The article Mr. Masnick is reacting to, Laws that Could Save Journalism, is in Saturday’s Washington Post. It was written by Bruce W. Sanford and Bruce D. Brown, two lawyers with a great deal of experience in the laws impacting the news industry.
Mr. Sanford is an attorney at Baker Hostetler and is general counsel to the Society of Professional Journalists and has advised many media clients, as well as worked on First Amendment and libel cases throughout the country. Mr. Brown is also an attorney at Baker Hostetler, focusing on media law, privacy, newsgathering and copyright.
They begin by saying that massive changes are needed in the law to save journalism:
Unless Congress embarks on far-reaching change in public policy to maintain the viability of journalism as it evolves online, we will soon find ourselves with the remnants of a broken industry incapable of providing the knowledge necessary to manage life in a complex world. Journalism does not need a bailout, but it does need a sort of “recovery act” to bring the legal landscape in line with today’s publishing technologies.
They have a very good point when they say, “Google’s products (and profit) would look a lot different if, for example, the law said it had to obtain copyright permissions in order to copy and index Web sites.” In fact, it seems very likely in this scenario that Google would not exist at all, and we may never have had the Internet revolution (with both its positive and negative aspects) at all.
After suggesting a number of other protectionist changes, they propose loosening antitrust laws to “protect the public interest:”
As noted in the Kerry hearing, publishers need collective pricing policies for their Web sites to finally break out of the expectation of free content that is afflicting the industry. Antitrust immunity is necessary because most individual news sites can’t go it alone by walling off their content for fees – readers will simply jump to sites that are still free.
A temporary antitrust shelter would serve the public interest by enabling the industry to take steps today to preserve for tomorrow the journalism that benefits us all.
The article strikes me as a misguided attempt to maintain the status quo in the face of competition from new competitors. Buggy whip makers tried desperately to cling to the old ways when the automobile began to cut into their business, and the music industry has been fighting the same sort of losing battle for years.
This is not to say that I believe journalism does not deserve protection and support, even government provided support, during the current climiate of shifting business models. It is easy during such radical shifts to lose the good with the newly inefficient, and journalism is too critical to our society to allow it to fall by the wayside.

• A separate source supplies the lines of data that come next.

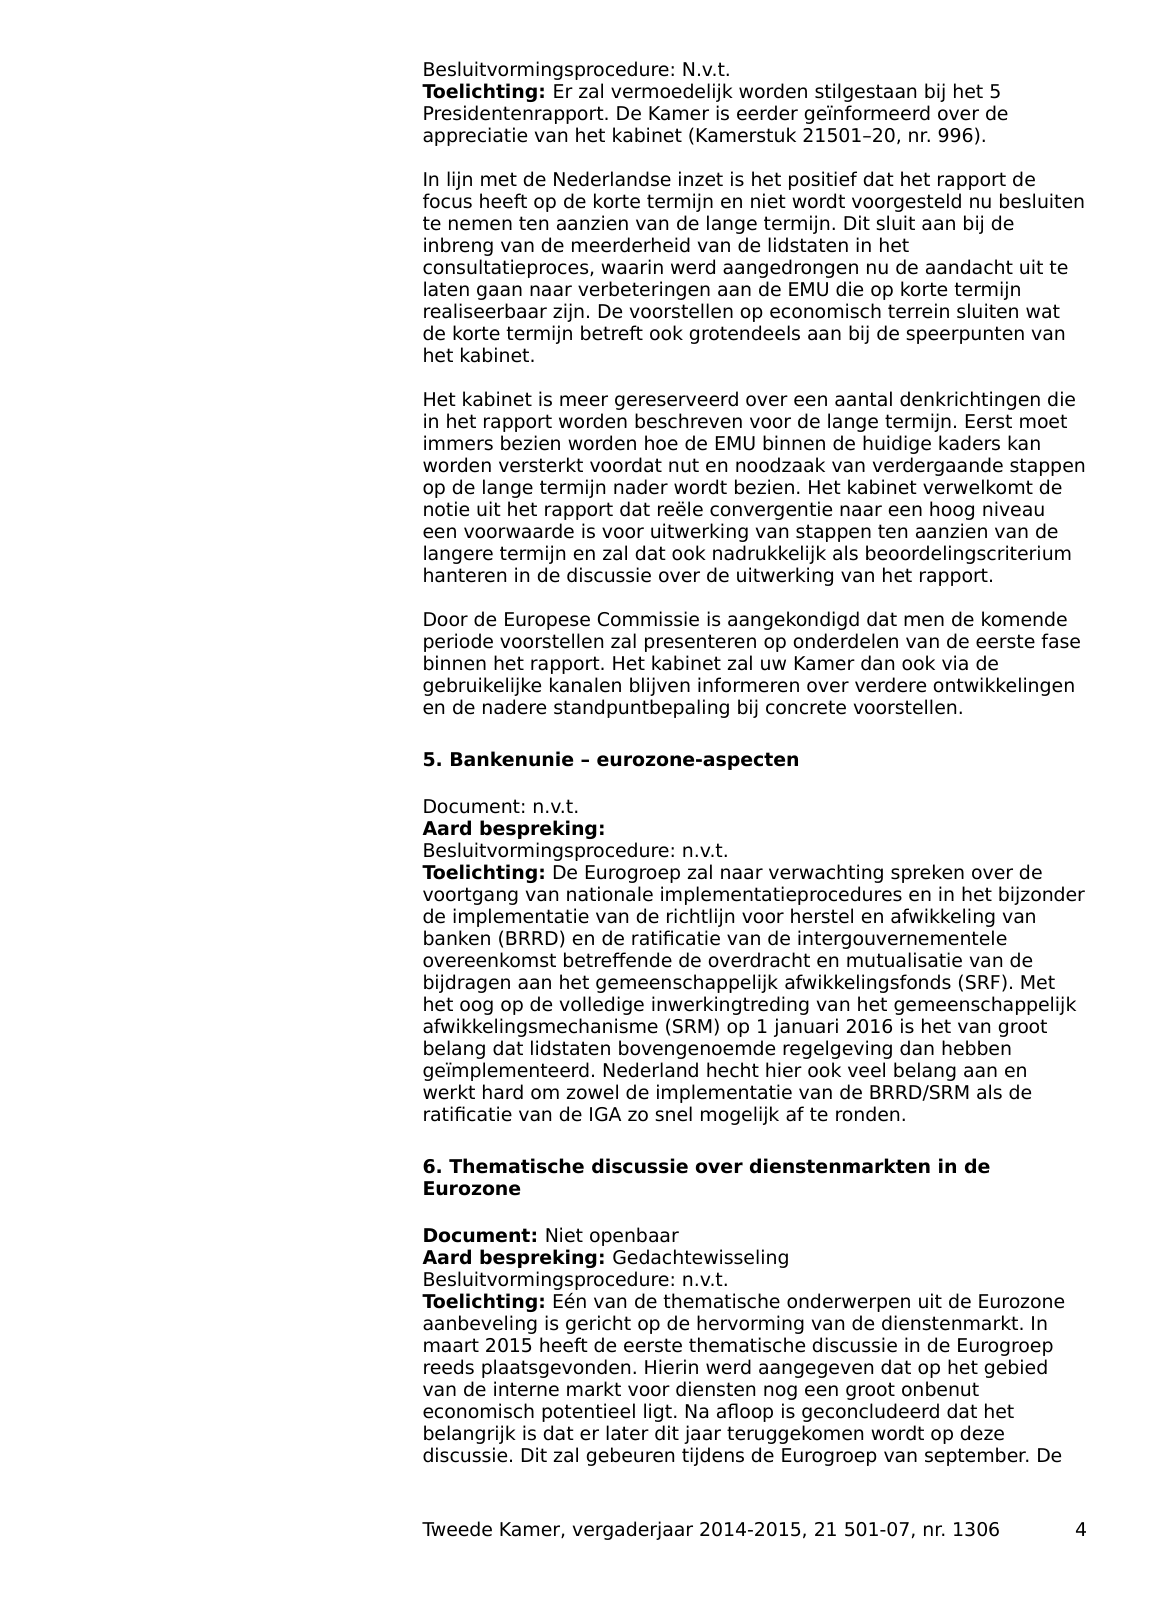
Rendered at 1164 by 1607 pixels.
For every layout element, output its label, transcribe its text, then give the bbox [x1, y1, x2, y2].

text Document: Niet openbaar [422, 1225, 1087, 1247]
text In lijn met de Nederlandse inzet is het positief dat het rapport de focus heeft op de korte termijn en niet wordt voorgesteld nu besluiten te nemen ten aanzien van de lange termijn. Dit sluit aan bij de inbreng van de meerderheid van de lidstaten in het consultatieproces, waarin werd aangedrongen nu de aandacht uit te laten gaan naar verbeteringen aan de EMU die op korte termijn realiseerbaar zijn. De voorstellen op economisch terrein sluiten wat de korte termijn betreft ook grotendeels aan bij de speerpunten van het kabinet. [422, 169, 1087, 367]
text Besluitvormingsprocedure: N.v.t. [422, 59, 1087, 81]
subtitle 6. Thematische discussie over dienstenmarkten in de Eurozone [422, 1156, 1087, 1200]
text Document: n.v.t. [422, 796, 1087, 818]
text Toelichting: Eén van de thematische onderwerpen uit de Eurozone aanbeveling is gericht op de hervorming van de dienstenmarkt. In maart 2015 heeft de eerste thematische discussie in de Eurogroep reeds plaatsgevonden. Hierin werd aangegeven dat op het gebied van de interne markt voor diensten nog een groot onbenut economisch potentieel ligt. Na afloop is geconcludeerd dat het belangrijk is dat er later dit jaar teruggekomen wordt op deze discussie. Dit zal gebeuren tijdens de Eurogroep van september. De [422, 1291, 1087, 1466]
text Aard bespreking: Gedachtewisseling [422, 1247, 1087, 1269]
text Door de Europese Commissie is aangekondigd dat men de komende periode voorstellen zal presenteren op onderdelen van de eerste fase binnen het rapport. Het kabinet zal uw Kamer dan ook via de gebruikelijke kanalen blijven informeren over verdere ontwikkelingen en de nadere standpuntbepaling bij concrete voorstellen. [422, 609, 1087, 719]
text Het kabinet is meer gereserveerd over een aantal denkrichtingen die in het rapport worden beschreven voor de lange termijn. Eerst moet immers bezien worden hoe de EMU binnen de huidige kaders kan worden versterkt voordat nut en noodzaak van verdergaande stappen op de lange termijn nader wordt bezien. Het kabinet verwelkomt de notie uit het rapport dat reële convergentie naar een hoog niveau een voorwaarde is voor uitwerking van stappen ten aanzien van de langere termijn en zal dat ook nadrukkelijk als beoordelingscriterium hanteren in de discussie over de uitwerking van het rapport. [422, 389, 1087, 587]
subtitle 5. Bankenunie – eurozone-aspecten [422, 749, 1087, 771]
text Toelichting: De Eurogroep zal naar verwachting spreken over de voortgang van nationale implementatieprocedures en in het bijzonder de implementatie van de richtlijn voor herstel en afwikkeling van banken (BRRD) en de ratificatie van de intergouvernementele overeenkomst betreffende de overdracht en mutualisatie van de bijdragen aan het gemeenschappelijk afwikkelingsfonds (SRF). Met het oog op de volledige inwerkingtreding van het gemeenschappelijk afwikkelingsmechanisme (SRM) op 1 januari 2016 is het van groot belang dat lidstaten bovengenoemde regelgeving dan hebben geïmplementeerd. Nederland hecht hier ook veel belang aan en werkt hard om zowel de implementatie van de BRRD/SRM als de ratificatie van de IGA zo snel mogelijk af te ronden. [422, 862, 1087, 1126]
text Besluitvormingsprocedure: n.v.t. [422, 1269, 1087, 1291]
text Besluitvormingsprocedure: n.v.t. [422, 840, 1087, 862]
text Aard bespreking: [422, 818, 1087, 840]
text Toelichting: Er zal vermoedelijk worden stilgestaan bij het 5 Presidentenrapport. De Kamer is eerder geïnformeerd over de appreciatie van het kabinet (Kamerstuk 21501–20, nr. 996). [422, 81, 1087, 147]
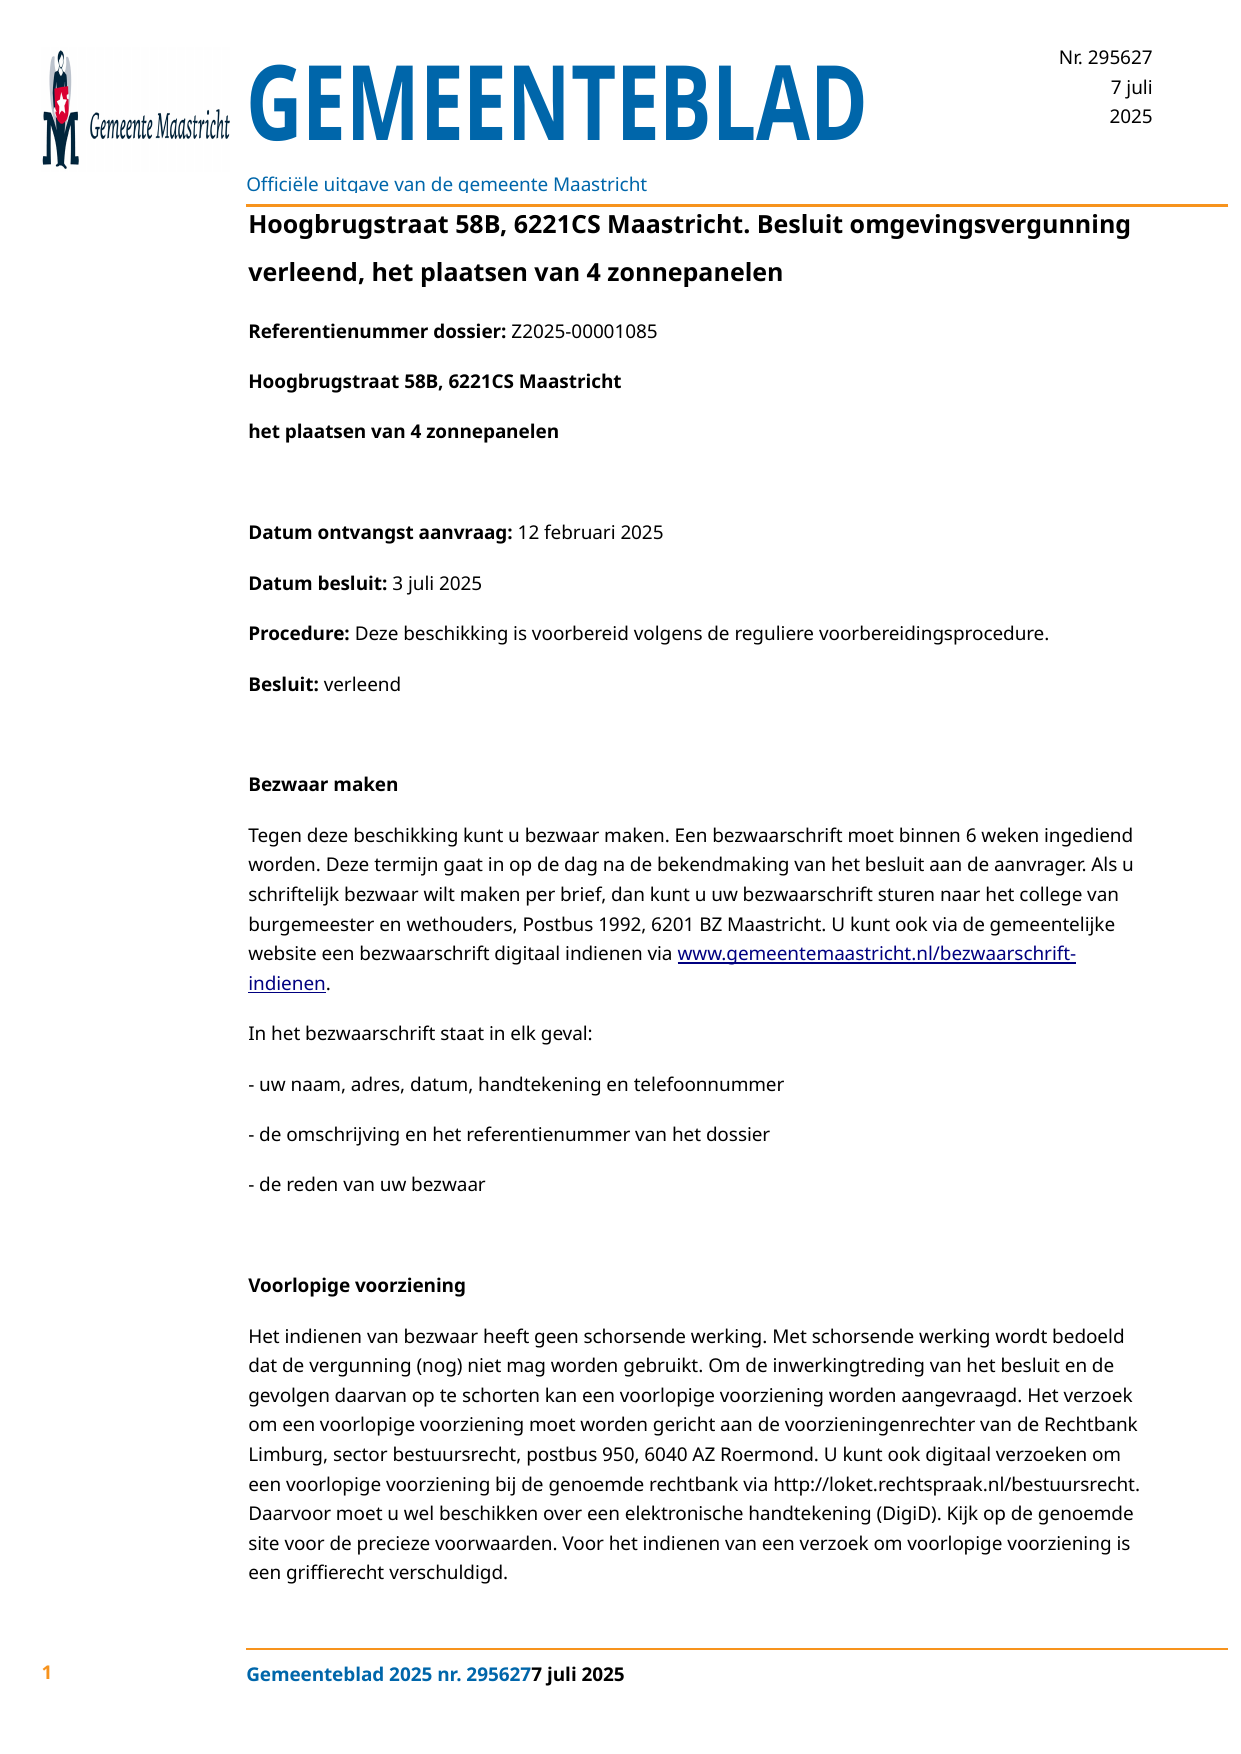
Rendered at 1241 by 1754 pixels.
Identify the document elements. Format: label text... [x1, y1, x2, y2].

text Procedure: Deze beschikking is voorbereid volgens de reguliere voorbereidingsprocedure. [248, 620, 1152, 646]
text Datum besluit: 3 juli 2025 [248, 570, 1152, 596]
text Datum ontvangst aanvraag: 12 februari 2025 [248, 519, 1152, 545]
text Hoogbrugstraat 58B, 6221CS Maastricht. Besluit omgevingsvergunning verleend, het plaatsen van 4 zonnepanelen [248, 207, 1152, 288]
text Tegen deze beschikking kunt u bezwaar maken. Een bezwaarschrift moet binnen 6 weken ingediend worden. Deze termijn gaat in op de dag na de bekendmaking van het besluit aan de aanvrager. Als u schriftelijk bezwaar wilt maken per brief, dan kunt u uw bezwaarschrift sturen naar het college van burgemeester en wethouders, Postbus 1992, 6201 BZ Maastricht. U kunt ook via de gemeentelijke website een bezwaarschrift digitaal indienen via www.gemeentemaastricht.nl/bezwaarschrift-indienen. [248, 822, 1152, 996]
text Voorlopige voorziening [248, 1272, 1152, 1298]
text Besluit: verleend [248, 671, 1152, 697]
text - de omschrijving en het referentienummer van het dossier [248, 1121, 1152, 1147]
text Referentienummer dossier: Z2025-00001085 [248, 318, 1152, 344]
text - de reden van uw bezwaar [248, 1172, 1152, 1197]
text Hoogbrugstraat 58B, 6221CS Maastricht [248, 368, 1152, 394]
text het plaatsen van 4 zonnepanelen [248, 419, 1152, 444]
text Het indienen van bezwaar heeft geen schorsende werking. Met schorsende werking wordt bedoeld dat de vergunning (nog) niet mag worden gebruikt. Om de inwerkingtreding van het besluit en de gevolgen daarvan op te schorten kan een voorlopige voorziening worden aangevraagd. Het verzoek om een voorlopige voorziening moet worden gericht aan de voorzieningenrechter van de Rechtbank Limburg, sector bestuursrecht, postbus 950, 6040 AZ Roermond. U kunt ook digitaal verzoeken om een voorlopige voorziening bij de genoemde rechtbank via http://loket.rechtspraak.nl/bestuursrecht. Daarvoor moet u wel beschikken over een elektronische handtekening (DigiD). Kijk op de genoemde site voor de precieze voorwaarden. Voor het indienen van een verzoek om voorlopige voorziening is een griffierecht verschuldigd. [248, 1323, 1152, 1585]
text - uw naam, adres, datum, handtekening en telefoonnummer [248, 1071, 1152, 1097]
text Bezwaar maken [248, 772, 1152, 797]
picture [41, 47, 231, 172]
text In het bezwaarschrift staat in elk geval: [248, 1020, 1152, 1046]

But is it really going away? Blogging serves the role of early newspapers and pamphlets in this country. They too were quickly written and widely distributed, often outside of traditional business entities. (Think of Thomas Paine, Benjamin Franklin, or the Federalist Papers.) Why should the existing corporate structure of the newspaper need to exist merely to protect journalism and the free press? This is corporate protectionism at its finest, buried under an honest desire to protect and preserve journalism and the First Amendment.
While I am certainly not a libertarian proponent of the glory of the free market, I do believe that markets are key indicators of viability, and often better than the government at selecting more efficient and more optimal outcomes that benefit society as a whole. Changing the laws to protect newspapers from market forces is, I think, the wrong approach. Business must adapt. Permitting them to do otherwise merely creates GMs and Chryslers. On the other hand, changing laws to protect the concept of journalism – that I could support. I bet such suggestions would look very different from those proposed by Sanford and Brown.
Techdirt has more point-by-point rebuttals, as does Public Knowledge.